Opposite of numpy.reduce

So in numpy we have a reduce function with which we can reduce one dimension of an array by applying a function to the elements across that dimension. Is there also an inverse of this function that would take a single element and expand it to a whole new dimension?

Let's say I have these two arrays:

class A:
    def __init__(self, a, b, c):
        self.value = a, b, c

a = np.array([A(1,2,3), A(4,5,6)])
b = np.array([1<<8 | 2<<4 | 3, 4<<8 | 5<<4 | 6])

And I would like to transform either of these two arrays into

np.array([[1,2,3],[4,5,6]])

What I'm currently doing is the following:

def expand(arr):
    a = np.empty((*arr.shape, 3))
    for x, y in np.ndindex(arr.shape):
        if isinstance(arr[x,y], A):
            a[x,y] = arr[x,y].value
        else:
            a[x,y] = arr[x,y] >> 8, arr[x,y] >> 4 & 0xF, arr[x,y] & 0xF
    return a

This works, but I'd like to avoid (slow?) iteration since it goes against the spirit of numpy.

I've also tried a solution using np.vectorize, but it doesn't work as I'd want it to:

def expanded(element):
    if isinstance(element, A):
        return element.value
    return element >> 8, element >> 4 & 0xF, element & 0xF
f = np.vectorize(expanded)
f(a)  # Prints a tuple of arrays instead of the desired single array

Is there a better way to expand a single value to a new dimension, either via some mathematical operation or via object attribute access?

Solution

Your array of A instances.

In [56]: a
Out[56]: 
array([<__main__.A object at 0x000001BE0C814220>,
       <__main__.A object at 0x000001BE138B8610>], dtype=object)

Define a __repr__ to get a prettier display.

Iterate on the instances, returning the value:

In [59]: [np.array(i.value) for i in a]
Out[59]: [array([1, 2, 3]), array([4, 5, 6])]

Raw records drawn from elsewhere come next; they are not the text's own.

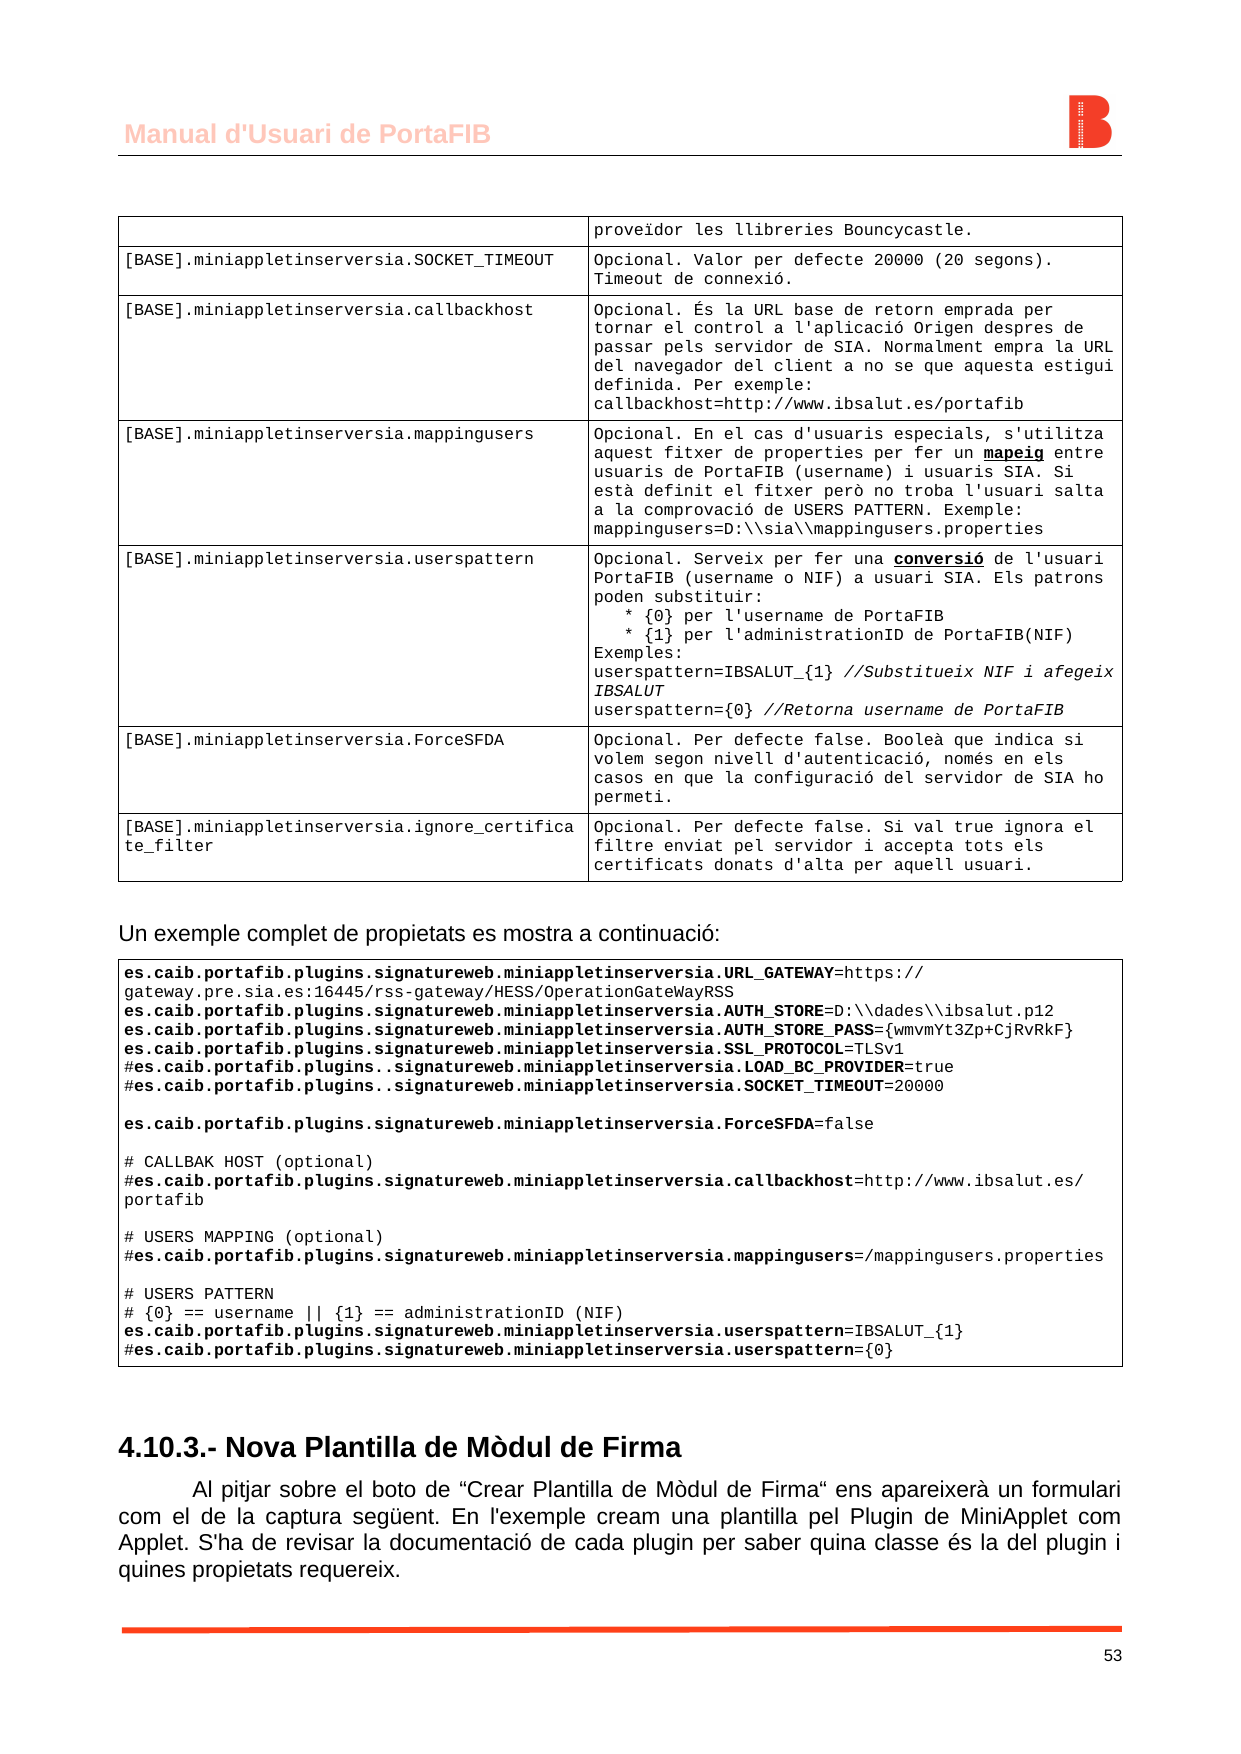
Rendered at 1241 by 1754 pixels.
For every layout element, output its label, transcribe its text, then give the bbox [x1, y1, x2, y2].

text Un exemple complet de propietats es mostra a continuació: [118, 920, 1122, 946]
table_cell Opcional. Valor per defecte 20000 (20 segons). Timeout de connexió. [589, 247, 1122, 295]
text Al pitjar sobre el boto de “Crear Plantilla de Mòdul de Firma“ ens apareixerà un formulari com el de la captura següent. En l'exemple cream una plantilla pel Plugin de MiniApplet com Applet. S'ha de revisar la documentació de cada plugin per saber quina classe és la del plugin i quines propietats requereix. [118, 1476, 1122, 1582]
picture [1063, 94, 1117, 150]
subtitle Nova Plantilla de Mòdul de Firma [118, 1430, 1122, 1464]
table_cell Opcional. Per defecte false. Booleà que indica si volem segon nivell d'autenticació, només en els casos en que la configuració del servidor de SIA ho permeti. [589, 727, 1122, 813]
table_cell [BASE].miniappletinserversia.mappingusers [119, 421, 588, 545]
table_cell Opcional. Per defecte false. Si val true ignora el filtre enviat pel servidor i accepta tots els certificats donats d'alta per aquell usuari. [589, 814, 1122, 881]
table_header es.caib.portafib.plugins.signatureweb.miniappletinserversia.URL_GATEWAY=https://gateway.pre.sia.es:16445/rss-gateway/HESS/OperationGateWayRSS es.caib.portafib.plugins.signatureweb.miniappletinserversia.AUTH_STORE=D:\\dades\\ibsalut.p12 es.caib.portafib.plugins.signatureweb.miniappletinserversia.AUTH_STORE_PASS={wmvmYt3Zp+CjRvRkF} es.caib.portafib.plugins.signatureweb.miniappletinserversia.SSL_PROTOCOL=TLSv1 #es.caib.portafib.plugins..signatureweb.miniappletinserversia.LOAD_BC_PROVIDER=true #es.caib.portafib.plugins..signatureweb.miniappletinserversia.SOCKET_TIMEOUT=20000 es.caib.portafib.plugins.signatureweb.miniappletinserversia.ForceSFDA=false # CALLBAK HOST (optional) #es.caib.portafib.plugins.signatureweb.miniappletinserversia.callbackhost=http://www.ibsalut.es/portafib # USERS MAPPING (optional) #es.caib.portafib.plugins.signatureweb.miniappletinserversia.mappingusers=/mappingusers.properties # USERS PATTERN # {0} == username || {1} == administrationID (NIF) es.caib.portafib.plugins.signatureweb.miniappletinserversia.userspattern=IBSALUT_{1} #es.caib.portafib.plugins.signatureweb.miniappletinserversia.userspattern={0} [119, 960, 1122, 1366]
table_cell Opcional. És la URL base de retorn emprada per tornar el control a l'aplicació Origen despres de passar pels servidor de SIA. Normalment empra la URL del navegador del client a no se que aquesta estigui definida. Per exemple: callbackhost=http://www.ibsalut.es/portafib [589, 296, 1122, 420]
table_cell Opcional. Serveix per fer una conversió de l'usuari PortaFIB (username o NIF) a usuari SIA. Els patrons poden substituir: * {0} per l'username de PortaFIB * {1} per l'administrationID de PortaFIB(NIF) Exemples: userspattern=IBSALUT_{1} //Substitueix NIF i afegeix IBSALUT userspattern={0} //Retorna username de PortaFIB [589, 546, 1122, 726]
table_cell [BASE].miniappletinserversia.ignore_certificate_filter [119, 814, 588, 881]
table_cell [BASE].miniappletinserversia.userspattern [119, 546, 588, 726]
table_cell [119, 217, 588, 246]
table_cell Opcional. En el cas d'usuaris especials, s'utilitza aquest fitxer de properties per fer un mapeig entre usuaris de PortaFIB (username) i usuaris SIA. Si està definit el fitxer però no troba l'usuari salta a la comprovació de USERS PATTERN. Exemple: mappingusers=D:\\sia\\mappingusers.properties [589, 421, 1122, 545]
table_cell proveïdor les llibreries Bouncycastle. [589, 217, 1122, 246]
table_cell [BASE].miniappletinserversia.SOCKET_TIMEOUT [119, 247, 588, 295]
table_cell [BASE].miniappletinserversia.ForceSFDA [119, 727, 588, 813]
table_cell [BASE].miniappletinserversia.callbackhost [119, 296, 588, 420]

Which can be turned into one array with:

In [60]: np.vstack(_)
Out[60]: 
array([[1, 2, 3],
       [4, 5, 6]])

In [61]: np.array(__)
Out[61]: 
array([[1, 2, 3],
       [4, 5, 6]])

vectorize makes an array for each value returned for the instance, here 3 arrays:

In [62]: np.vectorize(lambda i: i.value)(a)
Out[62]: (array([1, 4]), array([2, 5]), array([3, 6]))

which can be turned to a transpose of the previous array:

In [63]: np.array(_)
Out[63]: 
array([[1, 4],
       [2, 5],
       [3, 6]])

Returning an array (instead of tuple), and specifying otypes, gives another object dtype array:

In [64]: np.vectorize(lambda i: np.array(i.value), otypes=[object])(a)
Out[64]: array([array([1, 2, 3]), array([4, 5, 6])], dtype=object)
In [65]: np.vstack(_)
Out[65]: 
array([[1, 2, 3],
       [4, 5, 6]])

signature can produce the numeric array directly. I don't think this is any faster.

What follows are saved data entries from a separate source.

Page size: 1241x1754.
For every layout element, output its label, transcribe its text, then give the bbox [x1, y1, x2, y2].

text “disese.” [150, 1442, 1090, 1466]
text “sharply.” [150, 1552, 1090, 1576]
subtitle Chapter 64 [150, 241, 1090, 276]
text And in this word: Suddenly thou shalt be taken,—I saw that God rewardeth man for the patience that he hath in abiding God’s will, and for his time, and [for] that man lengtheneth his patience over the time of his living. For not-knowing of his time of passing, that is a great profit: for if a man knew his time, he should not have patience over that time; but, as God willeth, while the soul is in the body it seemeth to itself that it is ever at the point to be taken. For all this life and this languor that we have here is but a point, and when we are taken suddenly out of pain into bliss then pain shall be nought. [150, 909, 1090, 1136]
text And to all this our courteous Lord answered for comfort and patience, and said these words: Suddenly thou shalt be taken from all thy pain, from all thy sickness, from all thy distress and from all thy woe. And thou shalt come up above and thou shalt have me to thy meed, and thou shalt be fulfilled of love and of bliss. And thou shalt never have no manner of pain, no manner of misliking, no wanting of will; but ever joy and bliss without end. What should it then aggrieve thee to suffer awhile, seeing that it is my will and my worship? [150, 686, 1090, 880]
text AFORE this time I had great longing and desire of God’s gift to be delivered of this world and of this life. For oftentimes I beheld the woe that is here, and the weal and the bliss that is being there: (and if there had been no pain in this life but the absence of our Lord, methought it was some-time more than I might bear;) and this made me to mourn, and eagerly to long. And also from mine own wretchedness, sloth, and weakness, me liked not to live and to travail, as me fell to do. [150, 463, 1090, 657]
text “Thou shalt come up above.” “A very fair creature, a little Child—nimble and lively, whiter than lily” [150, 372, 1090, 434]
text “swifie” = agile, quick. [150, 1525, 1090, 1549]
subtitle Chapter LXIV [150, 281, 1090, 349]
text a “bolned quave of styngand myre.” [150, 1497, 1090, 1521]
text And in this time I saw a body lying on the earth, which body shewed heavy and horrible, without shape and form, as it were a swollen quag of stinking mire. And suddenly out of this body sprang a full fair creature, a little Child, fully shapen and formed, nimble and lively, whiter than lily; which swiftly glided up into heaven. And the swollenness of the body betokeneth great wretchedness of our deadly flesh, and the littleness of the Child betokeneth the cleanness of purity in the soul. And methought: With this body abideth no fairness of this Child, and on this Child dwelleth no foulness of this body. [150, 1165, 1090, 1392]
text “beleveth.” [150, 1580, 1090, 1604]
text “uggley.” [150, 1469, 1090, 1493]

In [66]: np.vectorize(lambda i: np.array(i.value), signature='()->(n)')(a)
Out[66]: 
array([[1, 2, 3],
       [4, 5, 6]])

A slightly more primative version of vectorize returns an object dtype array directly:

In [68]: np.frompyfunc(lambda i: np.array(i.value), 1,1)(a)
Out[68]: array([array([1, 2, 3]), array([4, 5, 6])], dtype=object)

Comparative timings on this small example wont tell us much. You need to explore a more realistic size a.

The fast numpy code works with numeric dtypes. For object dtype speeds are all approximately equivalent to list comprehensions.